I slept with an anorexic woman once. It was like fucking a granny. Her spine all fused together and her knees creaked. She didn't get out of bed for three days. I thought she was lazy, or probably too weak. Later I learned that I had broken her.
Her limbs looked like that of a teacher I had in school. His name was Oswald and he dragged around behind him this horribly molested looking leg. He was formerly a postman and a dog had torn out his calf muscle one morning.
He told me while in detention that when travelling in the Sudan as a young man, he had, at a market one afternoon, come across a stall that sold tins of human meat in gravy. I'm not sure that I really believed him, though his eyes were convincing.
* * * * *
So we spent three days trekking through the forest. Once upon a time little creeks bubbling through ferns deep in the woods would have made a peaceful photograph, but these days, away from the surveillance cameras, they just seem sinister. We passed by abandoned picnic rest stops where ageing yellow umbrellas had blown off the tables, found an old hamburger sign that had sprouted green reeds where the lettuce once was, floating on a pond. A pair of discarded panties by a cliff in the middle of nowhere. One night, how close, impossible to tell in the dark, we heard whistling among the trees, and then screaming. The next evening, full moon, dead on midnight by the light of my wristwatch, a single howl rolled down through the valley.

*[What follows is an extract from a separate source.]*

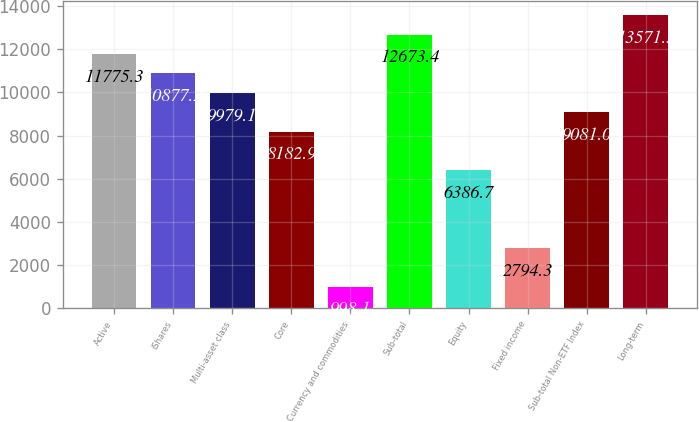Convert chart. <chart><loc_0><loc_0><loc_500><loc_500><bar_chart><fcel>Active<fcel>iShares<fcel>Multi-asset class<fcel>Core<fcel>Currency and commodities<fcel>Sub-total<fcel>Equity<fcel>Fixed income<fcel>Sub-total Non-ETF Index<fcel>Long-term<nl><fcel>11775.3<fcel>10877.2<fcel>9979.1<fcel>8182.9<fcel>998.1<fcel>12673.4<fcel>6386.7<fcel>2794.3<fcel>9081<fcel>13571.5<nl></chart> 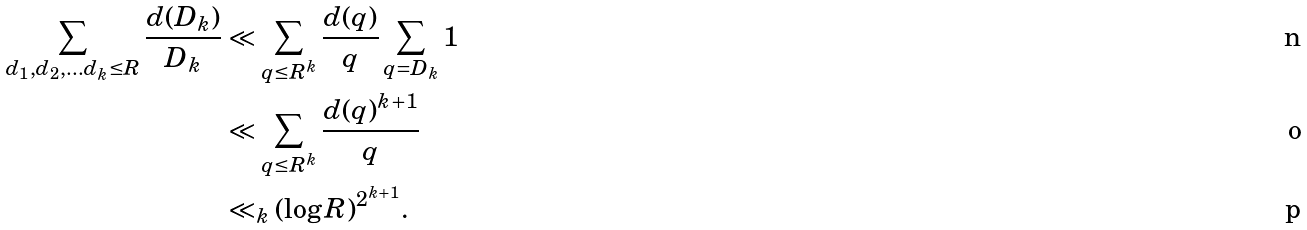<formula> <loc_0><loc_0><loc_500><loc_500>\sum _ { d _ { 1 } , d _ { 2 } , \dots d _ { k } \leq R } \frac { d ( D _ { k } ) } { D _ { k } } & \ll \sum _ { q \leq R ^ { k } } \frac { d ( q ) } { q } \sum _ { q = D _ { k } } 1 \\ & \ll \sum _ { q \leq R ^ { k } } \frac { d ( q ) ^ { k + 1 } } { q } \\ & \ll _ { k } ( \log R ) ^ { 2 ^ { k + 1 } } .</formula>

By this time we had run out of cigarettes. Time to head back, without our catch.
Our girlfriend had left town with Brigitte, so I no longer had to buy those cherry Docs.
The Police eventually caught the killer. He walked with a limp. I read somewhere that he was a postman once, or maybe a teacher.
The bass player joined a black metal group called Scrofula and he went on the road. Occasionally, when he was in town and because it was convenient, he slept on my couch.